Johnston’s judicial and legal experience provided the foundation for his subsequent national service. A member of the Democratic Party, he was elected as a Democrat to the Fifty-sixth Congress, representing West Virginia in the United States House of Representatives from March 4, 1899, to March 3, 1901. During his single term in Congress he participated in the legislative process at a time of significant national change, as the United States grappled with the aftermath of the Spanish-American War, questions of territorial expansion, and the economic and social issues of the turn of the twentieth century. As a Democratic representative from West Virginia, he took part in the democratic process and represented the interests of his constituents in this evolving national context. His candidacy for re-election in 1900 was unsuccessful, and his congressional service concluded at the end of the Fifty-sixth Congress.

After leaving Congress, Johnston returned to his legal and literary pursuits. In 1906 he published “A History of Middle New River Settlements and Contiguous Territory,” a substantial historical work that documented the settlement, development, and notable families of the region straddling southwestern West Virginia and southwestern Virginia. This volume, together with his later Civil War memoir, reflected both his deep attachment to the area where he had been born and practiced law and his desire to preserve its history for future generations.

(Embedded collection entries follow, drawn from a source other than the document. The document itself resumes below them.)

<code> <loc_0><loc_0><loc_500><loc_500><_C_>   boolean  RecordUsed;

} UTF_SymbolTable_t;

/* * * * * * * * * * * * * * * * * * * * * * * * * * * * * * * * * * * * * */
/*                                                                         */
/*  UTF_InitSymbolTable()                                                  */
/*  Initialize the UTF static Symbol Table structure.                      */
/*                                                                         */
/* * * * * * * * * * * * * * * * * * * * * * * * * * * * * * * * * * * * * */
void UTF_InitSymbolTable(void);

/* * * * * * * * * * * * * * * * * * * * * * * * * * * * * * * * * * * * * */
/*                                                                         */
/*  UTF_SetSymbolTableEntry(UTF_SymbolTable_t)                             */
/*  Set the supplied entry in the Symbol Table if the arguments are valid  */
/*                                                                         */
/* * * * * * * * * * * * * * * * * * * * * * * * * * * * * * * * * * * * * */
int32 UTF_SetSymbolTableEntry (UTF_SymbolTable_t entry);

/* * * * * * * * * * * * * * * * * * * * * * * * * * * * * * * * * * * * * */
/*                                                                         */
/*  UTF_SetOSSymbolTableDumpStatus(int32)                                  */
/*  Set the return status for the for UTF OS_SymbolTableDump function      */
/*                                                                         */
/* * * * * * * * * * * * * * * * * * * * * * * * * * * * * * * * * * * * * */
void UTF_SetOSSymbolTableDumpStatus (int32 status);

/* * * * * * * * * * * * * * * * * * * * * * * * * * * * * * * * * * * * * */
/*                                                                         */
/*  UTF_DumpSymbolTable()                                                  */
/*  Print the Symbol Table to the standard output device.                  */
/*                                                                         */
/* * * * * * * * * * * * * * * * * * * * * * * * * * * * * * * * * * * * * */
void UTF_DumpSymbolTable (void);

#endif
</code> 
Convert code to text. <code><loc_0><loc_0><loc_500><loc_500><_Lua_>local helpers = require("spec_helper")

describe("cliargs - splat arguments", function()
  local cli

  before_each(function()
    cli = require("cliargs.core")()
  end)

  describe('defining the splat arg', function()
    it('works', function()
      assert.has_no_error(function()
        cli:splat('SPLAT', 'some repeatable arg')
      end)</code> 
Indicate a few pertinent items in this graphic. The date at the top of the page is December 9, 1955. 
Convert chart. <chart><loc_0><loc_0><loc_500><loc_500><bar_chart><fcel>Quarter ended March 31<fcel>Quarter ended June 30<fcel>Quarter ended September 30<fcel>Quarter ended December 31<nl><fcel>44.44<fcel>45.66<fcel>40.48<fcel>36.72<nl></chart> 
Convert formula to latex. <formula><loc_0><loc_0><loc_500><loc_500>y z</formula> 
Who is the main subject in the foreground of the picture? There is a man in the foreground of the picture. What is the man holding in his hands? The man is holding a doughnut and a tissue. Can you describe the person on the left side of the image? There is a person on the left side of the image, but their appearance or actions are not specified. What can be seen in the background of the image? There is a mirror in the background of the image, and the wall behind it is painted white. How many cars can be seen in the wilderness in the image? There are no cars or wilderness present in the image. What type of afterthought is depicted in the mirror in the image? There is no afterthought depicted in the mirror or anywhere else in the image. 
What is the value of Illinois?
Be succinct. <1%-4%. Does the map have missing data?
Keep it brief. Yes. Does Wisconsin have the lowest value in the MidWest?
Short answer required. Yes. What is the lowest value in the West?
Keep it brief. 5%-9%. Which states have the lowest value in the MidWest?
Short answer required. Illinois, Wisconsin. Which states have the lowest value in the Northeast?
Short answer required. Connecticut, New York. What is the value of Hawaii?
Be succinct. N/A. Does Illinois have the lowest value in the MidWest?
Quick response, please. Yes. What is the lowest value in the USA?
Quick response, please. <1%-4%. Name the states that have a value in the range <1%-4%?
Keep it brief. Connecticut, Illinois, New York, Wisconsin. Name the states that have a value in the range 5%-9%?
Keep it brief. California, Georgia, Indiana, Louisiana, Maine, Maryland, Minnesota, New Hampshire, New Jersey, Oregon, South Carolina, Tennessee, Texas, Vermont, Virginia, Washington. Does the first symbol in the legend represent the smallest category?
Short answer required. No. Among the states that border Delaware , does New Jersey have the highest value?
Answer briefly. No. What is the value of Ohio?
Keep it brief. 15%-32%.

In 1908 Johnston moved to Portland, Oregon, where he resumed the practice of law on the Pacific Coast. He continued his professional work there during his later years, maintaining his engagement with the legal profession far from the Appalachian communities where he had first established his career. He died at his home in Portland on July 7, 1917. Johnston was buried in Mount Scott Park Cemetery, now known as Lincoln Memorial Park Cemetery, in Portland, closing a life that had carried him from the Confederate ranks in Virginia through judicial and congressional service in West Virginia to a final legal career in the Pacific Northwest.